The Inuit, a group of culturally similar people native to Greenland and other Arctic regions in Canada and Alaska, are known for their low rates of heart disease and diabetes despite their high intake of marine animal fat, which includes high amounts of omega-3 fatty acids. In fact, it was the Inuit diet that initially led researchers to propose that omega-3s from fish may play an important role in protecting against heart disease.
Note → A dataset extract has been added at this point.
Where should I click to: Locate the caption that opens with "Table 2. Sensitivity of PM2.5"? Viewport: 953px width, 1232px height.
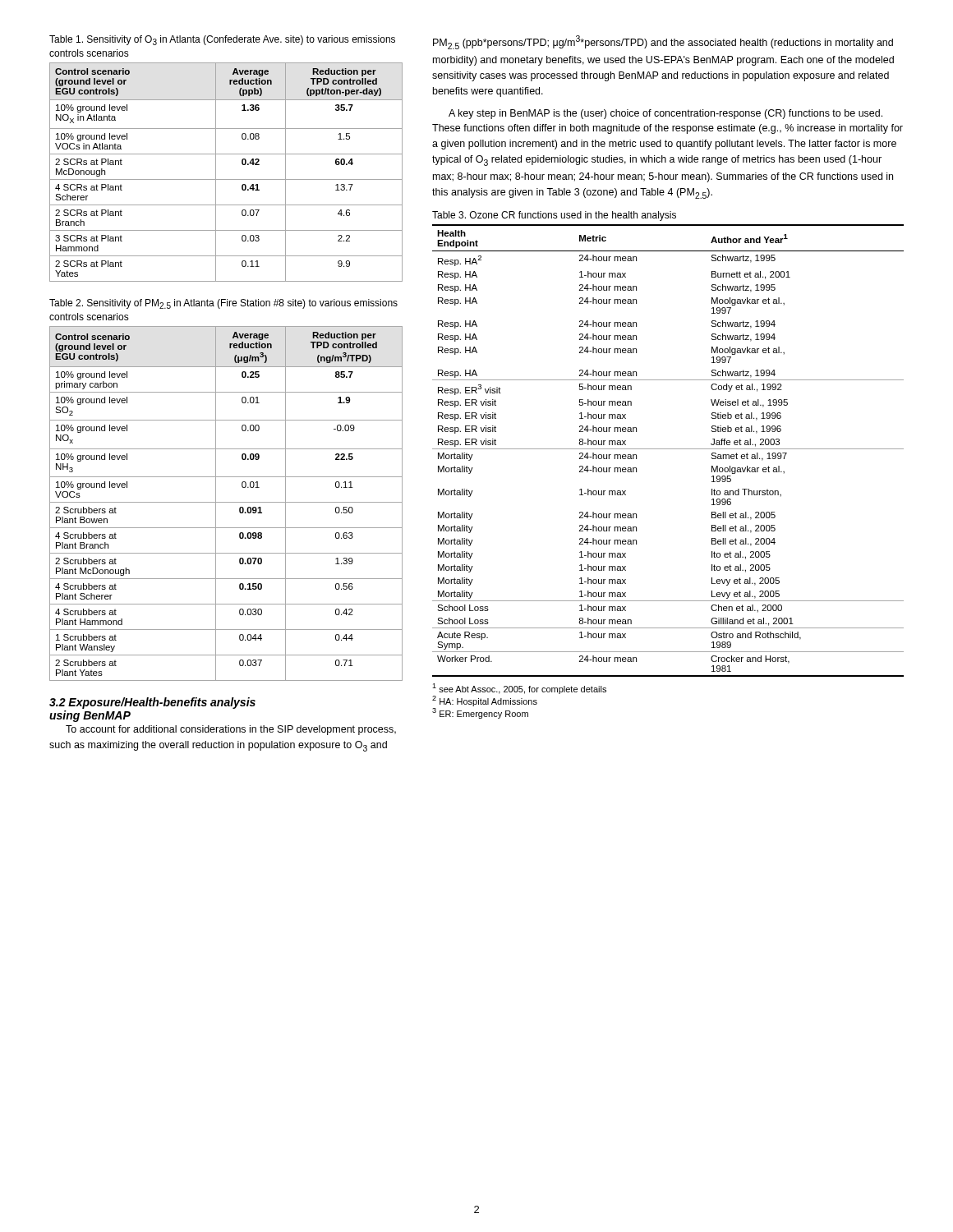point(223,310)

Since then, some—but not all—studies have indicated that the protective role of omega-3s is more limited than initially thought. Now, NPR has reported on a study that adds a new perspective on the omega-3–heart disease debate: the Inuit may have genetic adaptations that contribute to their ability to balance the levels of omega-3 and omega-6 fats in their bodies. Published in the journal Science, the study looked at 191 Greenlandic Inuit with less than 5% European ancestry, 60 individuals of European ancestry, and 44 individuals of Han Chinese ancestry. The researchers discovered that nearly all of the Inuit had genetic variants that limited their body’s production of certain types of omega-3 and omega-6 fats. Only about 3% of the Europeans and 15% of the Chinese in the study had the same genetic variants. Interestingly, these variants were also strongly associated with height—having the mutations was associated with a reduction of height by almost an inch.

Nevertheless, an important question still remains: did these genes evolve to handle large amounts of fats (including omega-3s) in the Inuit diet, or did they evolve in response to some other environmental condition? It’s difficult to understand all of the different effects of these particular genes, as they play a role in multiple processes throughout the body. It’s also important to note that the study did not specifically address the relationship between the gene mutations, omega-3s, and heart disease. There is still good evidence to suggest that, in the absence of a seafood-rich diet, supplementing with fish oil may still offer important health benefits.